Unlike listener sensitivity and reaction time, the pupillary response differed only in response to the attentional manipulation. Interestingly, the difference in pupillary response was seen across the entire trial, whereas the reaction time difference for the maintain-versus-switch contrast was restricted to slot 3 (the immediately post-switch time slot). The fact that patterns of pupillary response do not recapitulate patterns of listener behavior would make sense if, for normal hearing listeners, reverberation and talker gender mismatch are not severe enough degradations to cause sufficient extra mental effort or cognitive load to be observable in the pupil (in other words, the pupillary response may reflect the same processes as the behavioral signal, but may not be as sensitive). However, the magnitude of the effect size in $d'$ is roughly equal for all three trial parameters [see Fig. 2(a)]; if behavioral effect size reflects degree of effort or load, then the explanation that pupillometry is just “not sensitive enough” seems unlikely. Another possibility is that the elevated pupil response is simply due to a higher number of button presses in the switch trials: motor planning and execution are known to cause pupillary dilations.³⁵ However, as mentioned in Sec. II B 1, the total number of button presses is in fact higher in the maintain-attention condition. A third possibility is that the pupil dilation only reflects certain kinds of effort or load, and that stimulus degradations that mainly affect listener ability to form and select auditory streams are not reflected in the pupillary response, whereas differences in listener attentional state, such as preparing for a mid-trial attention switch, are reflected by the pupil. Experiment 2 tests this latter explanation by repeating the maintain/switch manipulation while increasing stimulus degradation to further impair formation and selection of auditory streams.

III. EXPERIMENT 2

Since no effect of talker gender on pupil dilation was seen in experiment 1, in experiment 2 the target and masker talkers were always of opposite gender, and their status as initial target or masker was counterbalanced across trials. Since no effect of reverberation on pupillary response was seen in experiment 1, experiment 2 also removed the simulated spatial separation of talkers and involved a more severe cued stimulus degradation known to cause variation in task demand: spectral degradation implemented as variation in number of noise-vocoder channels, 10 or 20. Based on results from Winn and colleagues showing increased dilation for low versus high numbers of vocoder channels with full-sentence stimuli,¹⁶ greater pupil dilation was expected here in the (more difficult, lower-intelligibility) ten-channel condition. As in experiment 1, a pre-trial cue indicated whether to maintain or switch attention between talkers at the mid-trial gap; here, the cue also indicated whether spectral degradation was mild or severe (i.e., the cue underwent the same noise vocoding procedure as the main portion of the trial).

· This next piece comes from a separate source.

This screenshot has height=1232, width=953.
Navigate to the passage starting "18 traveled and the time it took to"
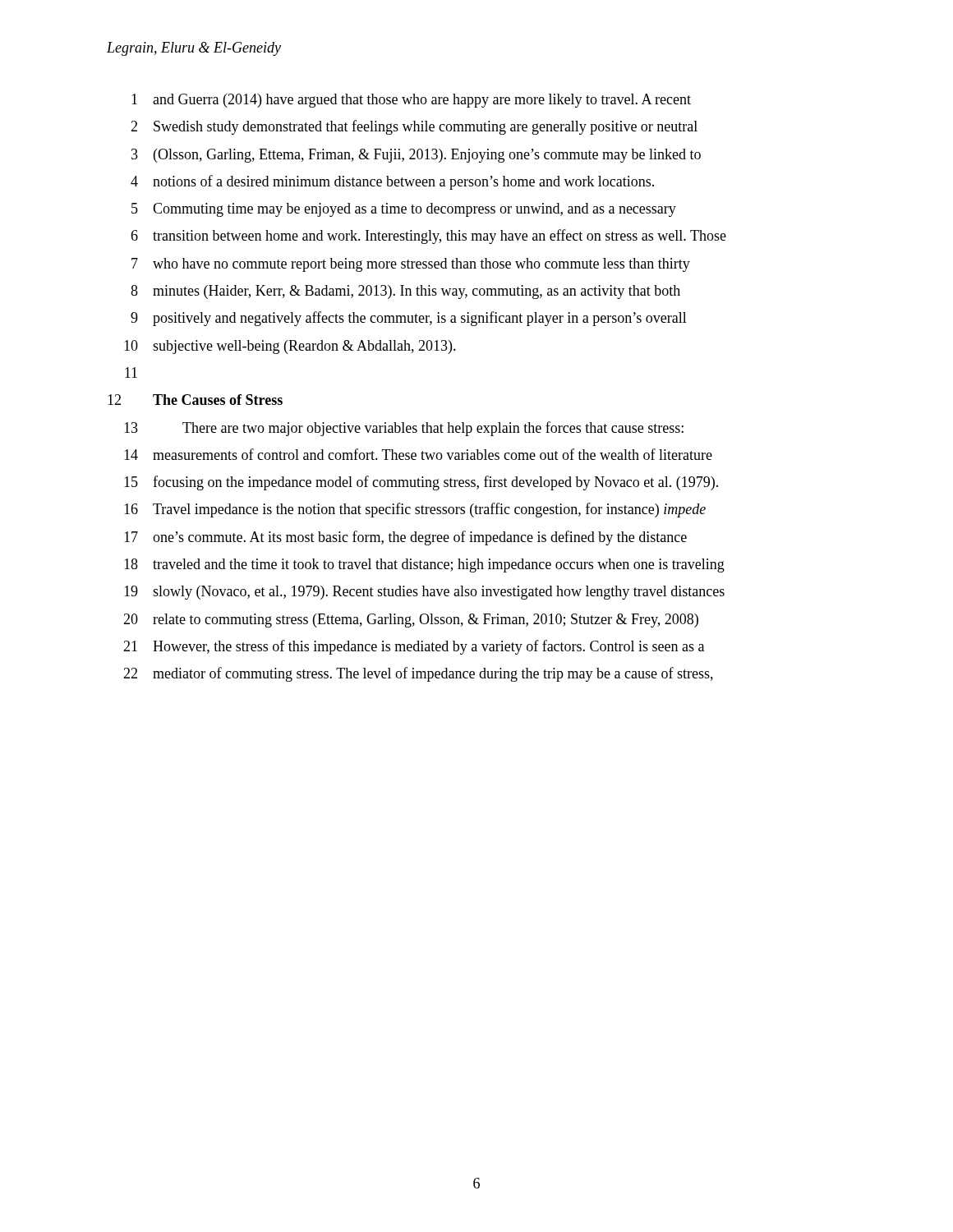click(x=476, y=565)

Additionally, in experiment 2 the duration of the mid-trial temporal gap provided for attention switching was varied (either 200 ms or 600 ms). Behavioral and neuroimaging research suggest that the time course of attention switching in the auditory domain is around 300–400 ms;^3,36 accordingly, we expected the short gap trials to be challenging and thus predicted greater pupil dilation in short-gap trials (though only in the post-gap portion of the trial). The duration of the gap was not predictable from the pre-trial cue.